The internet is a marvellous place to live in.I spent my last weekend over there with wonder and I thought writing a guide to the awe inspiring place we call the internet would be a bright idea.To lure more peole that is.Besides,it would also decongest some of the more cramped holiday locations I really need to visit.All one needs to enter the world of the internet(I literally mean “the world”) is a fairly reliable connection and the patience to tolerate it when it’s not so reliable.Do remember though, to carry your passport when inside the world, for you could be chosen for inspection.You wouldn’t want a dead phone to ruin yor stay so a power bank is vital to keep your vacation running.With all formalities in place you are now ready.
With the council’s decision to improve expressways and evict slow citizens we can now notch up a speed of 100Mbps without a hitch.That is of course until a rogue ISP decides to throw a couple of speedbreakers that ruins the pace.The Internet cosmoplis ,the largest city in the entire internet, boasts of generating more revenue from tourism than any other city.The mayor’s pride is the upscale and tourist-turned-citizens dominated “social media street”.The Instachat-Snapgram restaurant block in itself is a model to behold.Diners are seated around an extremely large round table.Rows of the most decadent and scrumptous dishes travelling over a conveyer belt encircle this round table and are simultaneously bombarded by incessant waves of cellphone flashes.Shortly before the dishes make their second revolution,the conveyer makes a quick detour to the “digester”.The perfectly edible food is then burnt to a neat char to generate energy that is then wirelessly transmitted to the diners phone for those all important, life dependent photographs of the dishes.The restaurant on Social Media street is also unique in being the first place anywhere to have more fatalities from starvation than any other place in the internet.The mayor is said to have promised a real restaurant to reduce the fatalities, near the “restaurant “on re-election but the public is of the opinion that the lack of efficient power transmitters at the restaurant are a bigger threat to human existence.In fact,most people at the social media street will tell you with absolute confidence that the complete absence of these energy transmitters were the cause for the dinosaurs’ extinction.Poor dinos.
Internet spirituality and entertainment (don’t confound the two over here)
Now it almost seems rude if I didn’t mention the “Shrine of our Hashtag and everything else that encompasses thee.” It is important to note that tourists wishing to visit the shrine must obtain a permit card by pledging temporary allegiance to all that is hashtagy under the sun.Even then, occasional and completely unexpected praises to his holliness hashtag is considered good ettiquette.When in the inner sanctum you are expected to vocally deliver the most number of hashtag prefixed words in under two minutes and risk asphyxiation in the process (whichever comes first is considered the holy offering).I would then suggest that you pay a visit to one of the cosmopolis’s cinemas.I cannot guarentee that this will be a very pleasant experience but then again,tastes vary.The movie blocks themselves have a monolithic,grey ,minimalistic exterior which is compensated for an equallly poor in taste yet,vibrant interior.The movies played are cheesy complitalions of the most recirculated,debated,“astoundng clips” in man’s history.If one paid attention to the credits that rolled at the end ,you would notice that the directors,sound engineers,make up artists and so on were almost always, monkeys whose knowledge of the arts were no more than what a 6 year old would invariably possess.Acting however, was not Simian territory.The movies are the epitome of a lie going around the world even before the truth can even get its boots on.The rumour among the citizens is that the cinemas were in fact, a failed and yet completely unaltered experiment of an audio-visual execution method for the internet cosmopolis’s worst criminals.

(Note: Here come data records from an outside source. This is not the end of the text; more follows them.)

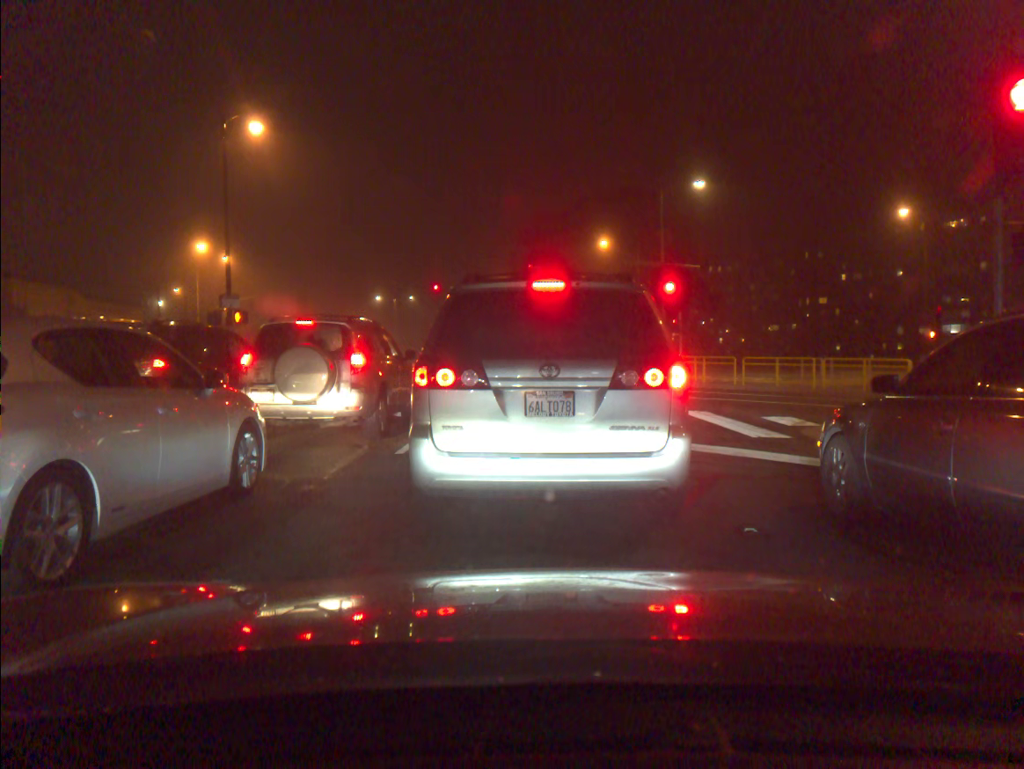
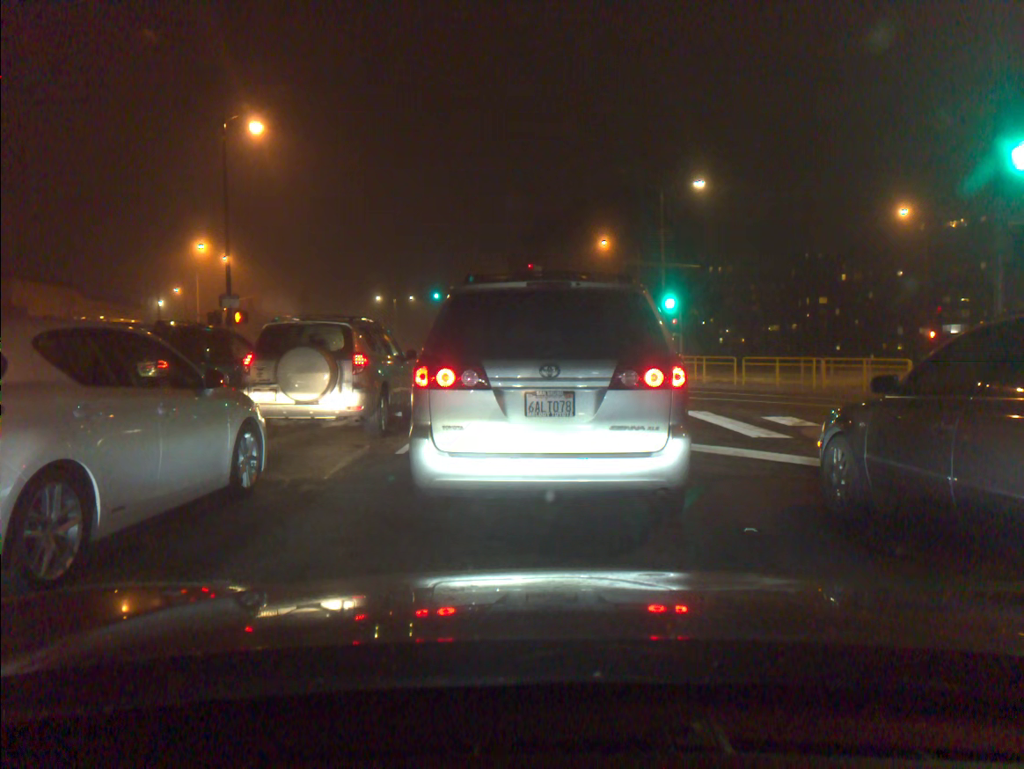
(0.0, 0.0) m; 0°
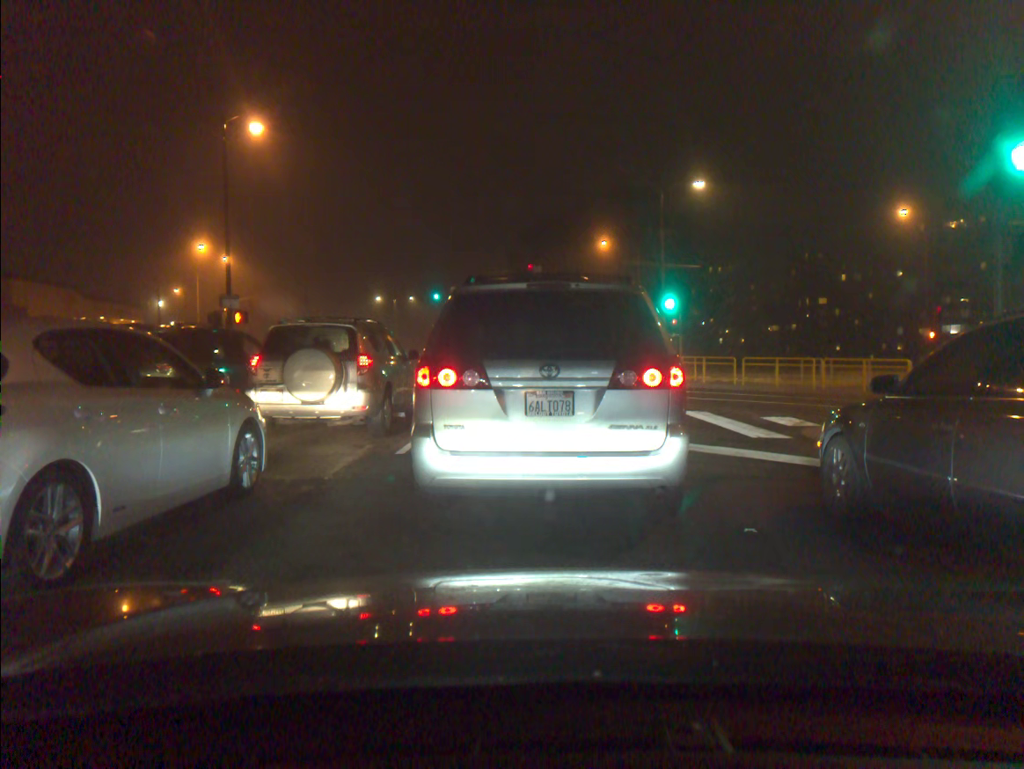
(0.0, 0.0) m; 0°
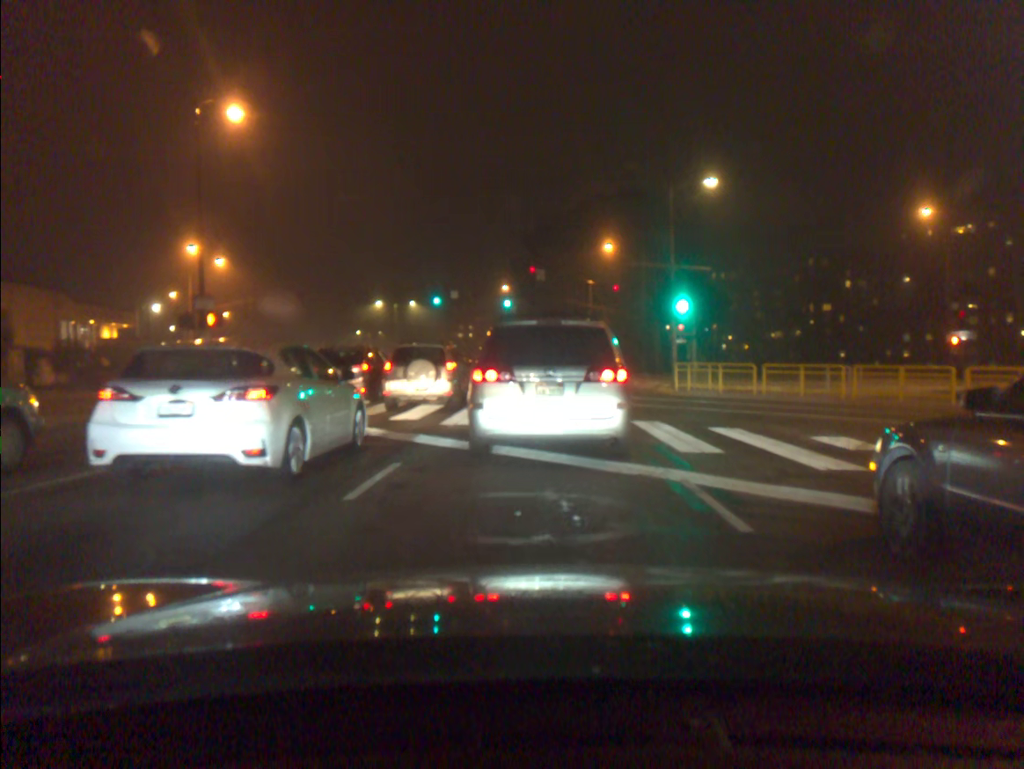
(-0.1, +2.6) m; 0°

People still flock by the hundreds though, to watch the most astounding clips in man’s history.So at least the cities distribution of ‘Social media D-addiction pills” worked.No marketing analyst truly understood the reason behind the immense popularity of the pill in an already social media addicted society.The true reason was almost published in the Market journal (see volume: 2 no: 5 for the missing space) but unfortuanately,the marketing executive who realized that the public misunderstood “D-addiction”(D stood for vitamin D added to increase potency) for “deaddiction,” was killed in a purely coincidental D-addiction pill overdose.
When the time comes to say goodbye, you will be directed towards the gates of the cosmopolis but very few people have escaped from the elite social media police force that gaurds the gate. However,the tourists who have been blessed with a bit more IQ points than the average man say,”To hell with this.” and cut the internet cable instead.